Consentire a che l'adolescente non riconosca apertamente i propri bisogni significa diventare complici di quella parte di lui che non vuole cambiare il proprio stato originario, significa non credere - noi per primi come terapeuti - alla sua possibilità di essere adulto, schiacciandolo lungo l'asse di partenza ed eliminando la dualità necessaria al movimento, sia pure conflittuale.

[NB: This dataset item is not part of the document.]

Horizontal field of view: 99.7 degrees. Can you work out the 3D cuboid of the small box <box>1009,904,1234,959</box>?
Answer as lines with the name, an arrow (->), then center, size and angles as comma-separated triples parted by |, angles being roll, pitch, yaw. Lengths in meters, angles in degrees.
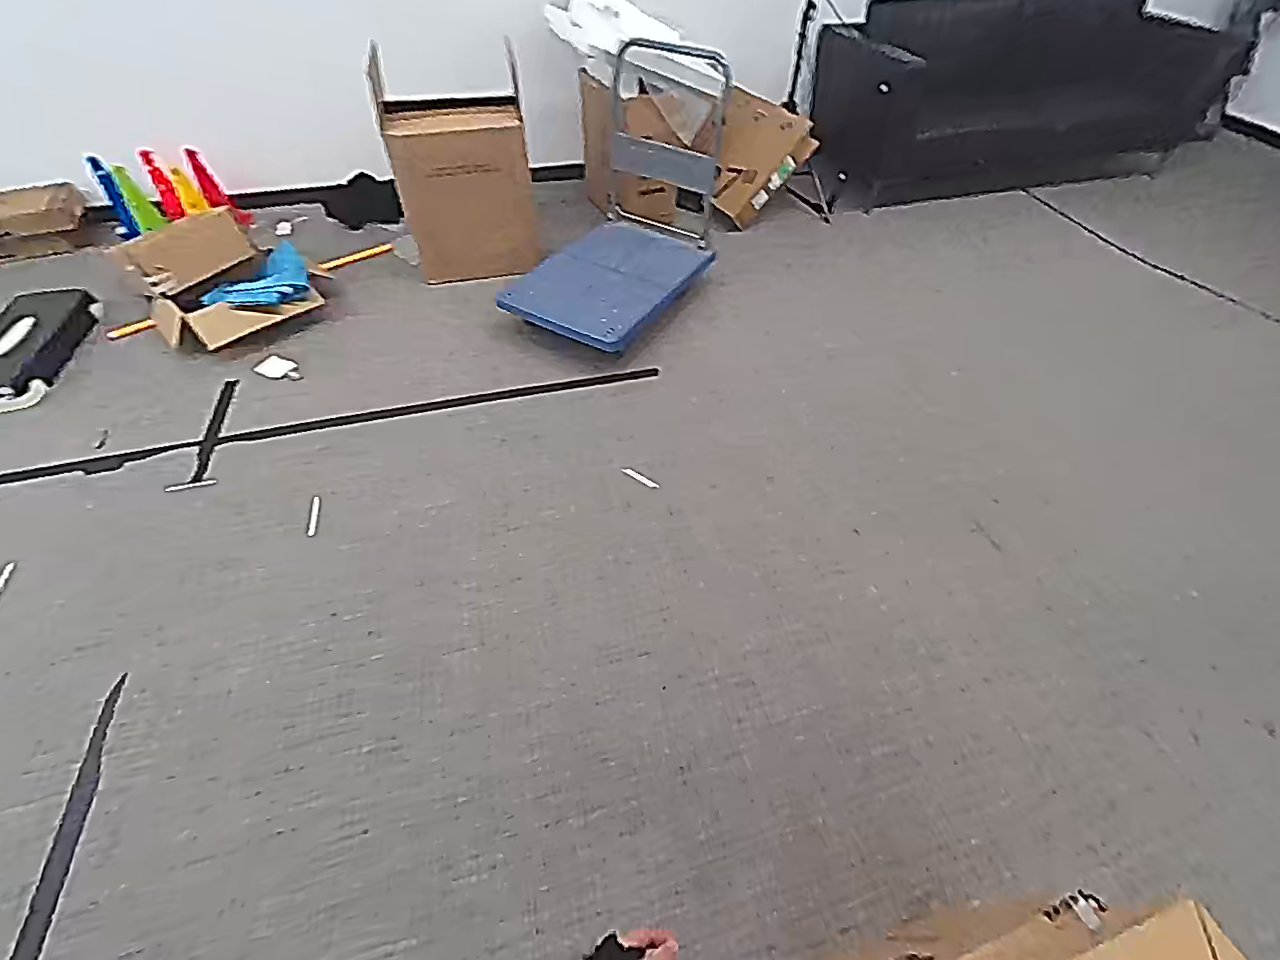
small box -> 0.527, 0.573, 0.552 | 0.168, 0.176, 0.179 | -14, 49, -11

Del resto, chi approda alla terapia porta già il sintomo o la sofferenza di una lotta fra parti interne divergenti. Il compito dell'analista non è però eliminare o sottacere la divergenza, ma ricondurre lo scontro a polarità coniugabili in un esito evolutivo. Si tratta cioè di trasformare il conflitto in un'evento costruttivo e non ostruttivo (Loriedo -1992), disvelando quali ne siano i termini reali ed elaborandone la soluzione attraverso una gamma di possibilità. Ma per poter pervenire a questo risultato insieme al paziente è necessario che il conflitto sia riconosciuto da entrambi. Diversamente, il rischio è di atteggiarsi come quei genitori che pretendono di essere gli "amici" dei propri figli, in un modo falsamente democratico e solidale che, ammortizzando gli urti e velando i contrasti, sottrae loro la possibilità dello scontro e della differenziazione. Del resto, l'eventuale scontro può essere utile a sciogliere la tensione relativa al conflitto interno del paziente.

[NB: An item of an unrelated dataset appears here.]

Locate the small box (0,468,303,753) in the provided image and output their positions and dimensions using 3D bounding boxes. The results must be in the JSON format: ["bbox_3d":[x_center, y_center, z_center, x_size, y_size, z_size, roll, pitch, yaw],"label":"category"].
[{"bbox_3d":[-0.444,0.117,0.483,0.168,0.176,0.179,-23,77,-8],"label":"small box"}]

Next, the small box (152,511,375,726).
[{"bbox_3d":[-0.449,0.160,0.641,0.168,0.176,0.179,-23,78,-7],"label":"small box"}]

Quando, invece, l'adolescente imposta il proprio rapporto con il terapeuta senza una chiara domanda di aiuto, intende di fatto proporre con lui un rapporto specifico (Carli 1988), in cui non sia consentito - nella definizione di un patto dichiarato - lo scioglimento della tensione comunque implicita nella richiesta di incontro.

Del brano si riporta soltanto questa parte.